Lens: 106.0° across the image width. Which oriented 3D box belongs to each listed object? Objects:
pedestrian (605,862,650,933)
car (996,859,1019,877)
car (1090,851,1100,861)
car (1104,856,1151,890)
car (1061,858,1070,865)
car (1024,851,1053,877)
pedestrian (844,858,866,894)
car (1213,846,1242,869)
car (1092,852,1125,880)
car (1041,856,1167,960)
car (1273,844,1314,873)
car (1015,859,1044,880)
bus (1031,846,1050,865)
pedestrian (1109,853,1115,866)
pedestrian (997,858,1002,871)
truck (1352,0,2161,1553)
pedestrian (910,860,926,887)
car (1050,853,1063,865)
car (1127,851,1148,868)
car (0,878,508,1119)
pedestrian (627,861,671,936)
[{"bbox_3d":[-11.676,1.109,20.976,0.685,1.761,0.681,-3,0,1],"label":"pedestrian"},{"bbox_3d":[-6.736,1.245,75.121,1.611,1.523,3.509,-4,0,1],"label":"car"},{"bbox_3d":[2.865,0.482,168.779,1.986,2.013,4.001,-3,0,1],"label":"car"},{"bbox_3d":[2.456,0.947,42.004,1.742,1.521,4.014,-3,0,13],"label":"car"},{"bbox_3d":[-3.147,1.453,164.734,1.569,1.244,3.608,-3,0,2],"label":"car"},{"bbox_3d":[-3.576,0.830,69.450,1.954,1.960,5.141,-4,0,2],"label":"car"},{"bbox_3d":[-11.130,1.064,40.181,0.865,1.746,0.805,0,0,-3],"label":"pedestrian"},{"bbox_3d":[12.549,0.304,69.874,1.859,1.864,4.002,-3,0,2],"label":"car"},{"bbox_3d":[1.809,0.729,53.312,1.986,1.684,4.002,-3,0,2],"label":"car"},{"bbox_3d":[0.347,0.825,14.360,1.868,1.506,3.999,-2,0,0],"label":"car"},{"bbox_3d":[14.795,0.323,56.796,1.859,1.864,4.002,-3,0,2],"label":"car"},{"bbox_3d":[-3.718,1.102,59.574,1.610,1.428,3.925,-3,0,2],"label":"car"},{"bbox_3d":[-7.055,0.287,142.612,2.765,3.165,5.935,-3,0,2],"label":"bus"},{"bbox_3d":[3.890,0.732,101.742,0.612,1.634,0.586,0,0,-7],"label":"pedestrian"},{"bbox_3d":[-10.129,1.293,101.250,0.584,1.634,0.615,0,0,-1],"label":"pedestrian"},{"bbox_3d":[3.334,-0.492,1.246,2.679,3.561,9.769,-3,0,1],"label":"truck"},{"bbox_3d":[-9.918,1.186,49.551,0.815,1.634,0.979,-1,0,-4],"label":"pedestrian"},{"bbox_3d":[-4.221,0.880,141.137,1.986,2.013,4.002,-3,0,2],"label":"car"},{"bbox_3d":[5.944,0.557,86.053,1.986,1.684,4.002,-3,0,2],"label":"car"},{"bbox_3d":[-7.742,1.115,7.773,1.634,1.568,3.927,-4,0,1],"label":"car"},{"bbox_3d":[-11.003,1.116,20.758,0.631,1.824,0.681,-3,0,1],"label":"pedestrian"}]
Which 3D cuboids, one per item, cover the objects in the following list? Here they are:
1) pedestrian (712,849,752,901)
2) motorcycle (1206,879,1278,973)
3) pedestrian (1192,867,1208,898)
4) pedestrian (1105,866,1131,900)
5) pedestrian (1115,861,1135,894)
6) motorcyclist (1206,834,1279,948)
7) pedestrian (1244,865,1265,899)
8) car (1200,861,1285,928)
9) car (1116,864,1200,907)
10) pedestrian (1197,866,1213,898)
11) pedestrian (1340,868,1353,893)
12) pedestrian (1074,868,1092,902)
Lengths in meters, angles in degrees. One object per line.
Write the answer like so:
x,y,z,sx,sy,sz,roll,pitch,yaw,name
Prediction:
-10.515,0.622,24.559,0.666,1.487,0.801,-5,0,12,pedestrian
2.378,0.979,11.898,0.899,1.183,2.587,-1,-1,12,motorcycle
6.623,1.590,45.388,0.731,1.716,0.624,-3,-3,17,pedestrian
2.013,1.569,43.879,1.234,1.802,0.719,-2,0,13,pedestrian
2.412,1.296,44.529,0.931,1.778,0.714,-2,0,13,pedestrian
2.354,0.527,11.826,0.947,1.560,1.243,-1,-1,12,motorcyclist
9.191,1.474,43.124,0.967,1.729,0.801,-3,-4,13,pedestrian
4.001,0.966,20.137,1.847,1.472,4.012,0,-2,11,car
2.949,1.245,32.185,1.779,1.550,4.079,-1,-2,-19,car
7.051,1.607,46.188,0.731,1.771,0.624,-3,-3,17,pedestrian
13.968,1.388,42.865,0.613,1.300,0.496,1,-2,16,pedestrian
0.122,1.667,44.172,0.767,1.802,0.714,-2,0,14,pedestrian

◆ ◆ ◆

* [PROMPT] Each line above that includes the word "Which" is to be copied.

* [ANSWER TO THE PROBLEM]
Lens: 106.0° across the image width. Which oriented 3D box belongs to each listed object? Objects:
Which 3D cuboids, one per item, cover the objects in the following list? Here they are:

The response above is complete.